The trial will have around 2000 patients with NASH with significant fibrosis. The Subpart H population, i.e. the study population that will produce biopsy data for an accelerated approval application, is ~900. This is the data that will come out in Q4 2022 – and constitutes the most important catalyst for Madrigal. The dual primary endpoints are constituted in such a way that for the trial to be successful, either resmetirom resolves NASH or it helps with fibrosis. The NAFLD trial and an earlier phase 2 trial has already shown early indications that resmetirom can do both. For example, in an open label extension part of the NAFLD study, Resmetirom improved magnetic resonance elastography (MRE) and FibroScan vibration controlled transient elastography (VCTE) at week 52 (MRE and FibroScan are measures of liver stiffness, a surrogate for liver fibrosis). In the earlier phase 2 trial as well, we saw the following:

▪ Resmetirom achieved reductions in liver fat that we believe are predictive of NASH resolution and fibrosis improvement on biopsy in the Phase 3 MAESTRO-NASH trial

▪ Resmetirom demonstrated fibrosis improvement in an exploratory analysis of biopsies by second harmonic generation, an automated, fully quantitative assessment of fibrosis on liver biopsy slides based on unique architectural features of collagen.
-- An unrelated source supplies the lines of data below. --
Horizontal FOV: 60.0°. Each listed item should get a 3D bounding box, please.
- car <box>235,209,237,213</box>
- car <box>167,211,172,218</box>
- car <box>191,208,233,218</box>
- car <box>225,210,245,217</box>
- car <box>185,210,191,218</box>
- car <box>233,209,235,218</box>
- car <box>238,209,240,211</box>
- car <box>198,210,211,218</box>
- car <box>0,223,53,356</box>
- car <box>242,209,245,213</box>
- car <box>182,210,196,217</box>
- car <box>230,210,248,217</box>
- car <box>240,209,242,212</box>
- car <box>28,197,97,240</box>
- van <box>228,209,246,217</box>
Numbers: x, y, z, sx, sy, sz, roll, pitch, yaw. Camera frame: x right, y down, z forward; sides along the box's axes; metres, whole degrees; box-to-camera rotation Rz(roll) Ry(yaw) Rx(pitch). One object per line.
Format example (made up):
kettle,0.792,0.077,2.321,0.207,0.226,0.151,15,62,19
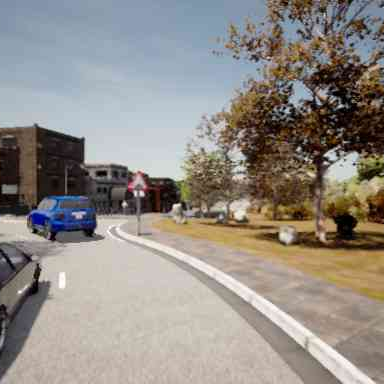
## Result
car,4.081,3.460,52.074,4.892,1.521,2.231,0,-4,13
car,-2.978,4.057,60.537,2.033,1.411,5.357,0,-4,13
car,2.822,3.065,46.726,4.892,1.521,2.231,0,-4,13
car,10.306,5.127,78.990,4.553,1.767,2.185,0,-3,13
car,0.281,4.061,60.206,2.033,1.411,5.357,0,-4,13
car,3.446,3.263,49.402,5.008,1.535,2.097,0,-4,13
car,5.141,3.843,57.472,5.366,1.575,1.946,0,-4,13
car,2.647,4.632,70.373,1.837,1.490,4.892,0,-4,13
car,-3.859,1.575,5.636,2.033,1.411,5.357,0,0,-16
car,7.816,4.612,68.135,4.674,1.452,2.002,0,-4,13
car,-0.612,4.616,70.706,1.812,1.442,4.674,0,-4,13
car,12.207,5.577,86.891,4.553,1.767,2.185,0,-3,13
car,6.537,4.092,62.793,4.553,1.767,2.185,0,-4,13
car,-6.937,1.269,17.570,2.150,2.045,5.566,0,0,-39
van,11.442,5.331,84.252,4.442,1.987,1.878,0,-3,13

This is the reason we are optimistic.

There’s an outcomes portion to this study, and a separate outcomes study as well. These are not important right now, but will eventually become very much so at the time for a full approval.
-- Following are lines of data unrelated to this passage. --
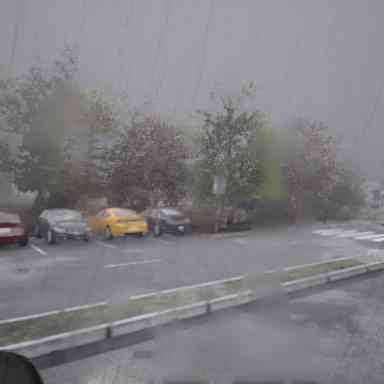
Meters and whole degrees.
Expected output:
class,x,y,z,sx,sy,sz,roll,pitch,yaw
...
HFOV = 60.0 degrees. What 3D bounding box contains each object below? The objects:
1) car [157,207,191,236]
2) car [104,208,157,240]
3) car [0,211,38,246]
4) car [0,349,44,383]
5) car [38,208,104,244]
class,x,y,z,sx,sy,sz,roll,pitch,yaw
car,-1.984,1.665,19.798,2.231,1.521,4.892,1,0,-35
car,-4.230,1.630,18.202,2.097,1.535,5.008,1,-1,-35
car,-8.735,1.585,15.041,2.163,1.488,4.792,1,-1,-35
car,-2.760,1.544,1.470,4.181,1.385,1.994,1,-1,-36
car,-6.480,1.594,16.616,2.231,1.521,4.892,1,-1,-35

Madrigal’s goal here is not to target biopsy-identified NASH patients, because in real world clinical practice, such biopsies are seldom performed. Their goal is primarily to show a relation between non-invasive tests or NITs and biopsy data as a way for patient selection, and then to use the same relation to demonstrate successful patient treatment. There are literally millions of such patients in the US alone.

Financials

MDGL has a market cap of $1.04bn and a cash balance of $220mn. They also have a $200mn ATM facility from Hercules Capital, of which $159mn is available; and a $200mn available long term debt. Their cash burn in Q1 was $49mn, which gives them a runway of 3 quarters; however, the two loan facilities together extend that to 8 more quarters, providing useful cash for commercial launch.

Bottomline

MDGL is down 30% from my original buy price. Their most important catalytic event is 2 quarters away. Earlier trial data indicates signs of success. Given all of that, MDGL is a buy.